Let me take the claims separately:
In fact, the way I approach this is to first examine the method. How do Christians receive the message that defines their way of life? I have learned from another thread that this comes unequivocally from the Bible, from absolute faith in God, and through study and prayer. All three of these components are required; without one, the system would fail. (This is no condemnation, only an observation.) I have deep concerns about this method because of my view that important decisions should be based on reason, on logical analysis of verifiable, empirical evidence. And I find (as I believe most atheists do) that absolute faith in God, and acceptance of the Bible as His word, are not compatible with the system for defining truth that I value.
On the other hand, I'm not entirely convinced that any value system is - some pretend to be, but all seem to import assumptions from outside any evidence and reasoning model. Certainly the enlightenment has completely failed to produce a value system that works any better than those produced by religions - the last couple of hundred years hasn't seen the massive reduction in human-caused attrocities promised.
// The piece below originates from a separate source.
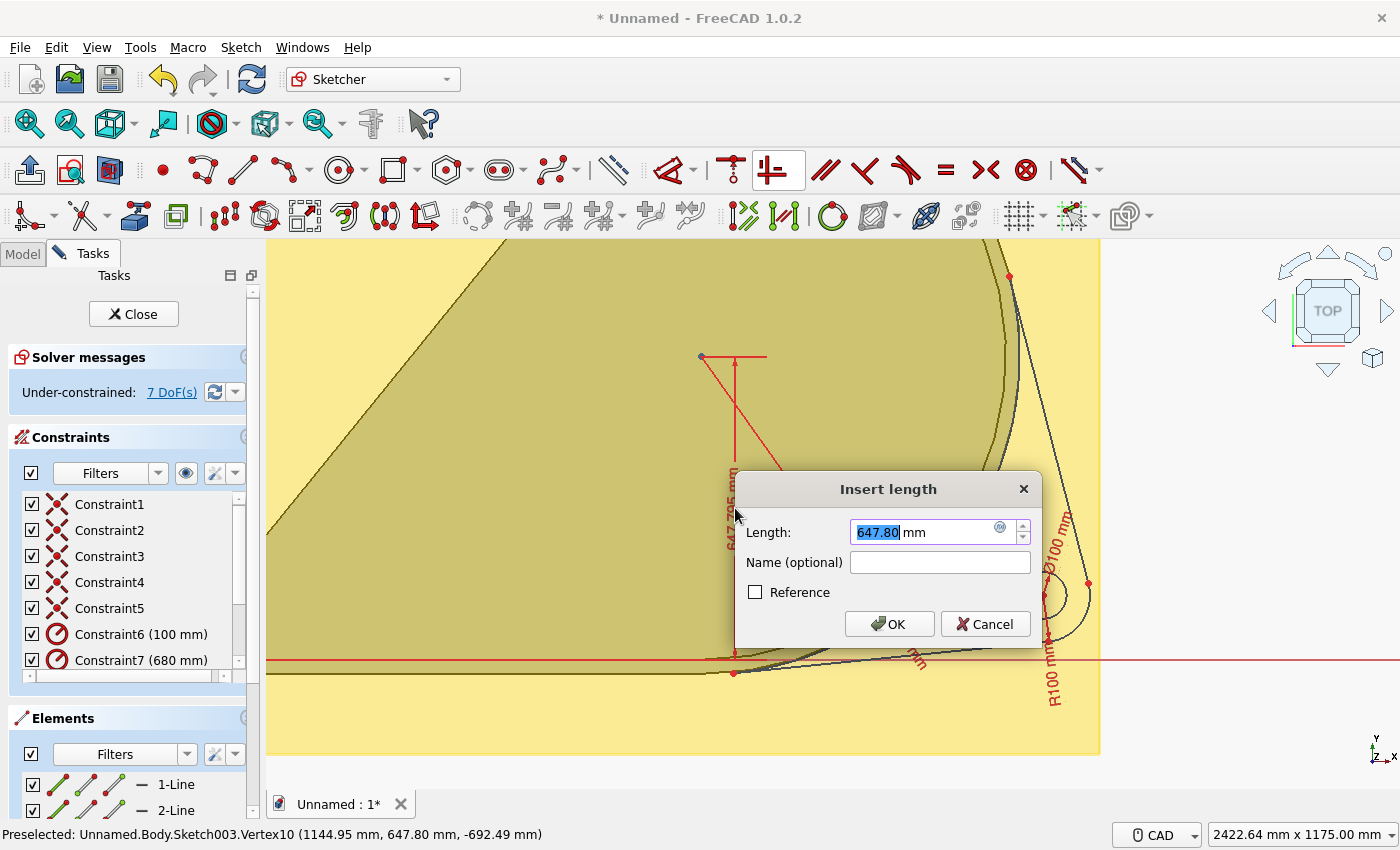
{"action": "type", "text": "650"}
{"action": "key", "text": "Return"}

I admit this makes no sense to me. If it were true that a loving God is watching over us, concerned with our everyday lives, wanting us to succeed and be good, that would be perfectly lovely. Fear is not a part of this. I am not here to prove to you that your beliefs are wrong, though if you were interested in a debate on this, we might have a reasonably interesting and lively debate. But if you were to invite me to take a crack at it, my strategy would be to try to convince you that logic and reason and evidence are important. Then I would try to reach agreement with you on what those words mean. Then I would try to show you that belief in the supernatural requires suspension of those values.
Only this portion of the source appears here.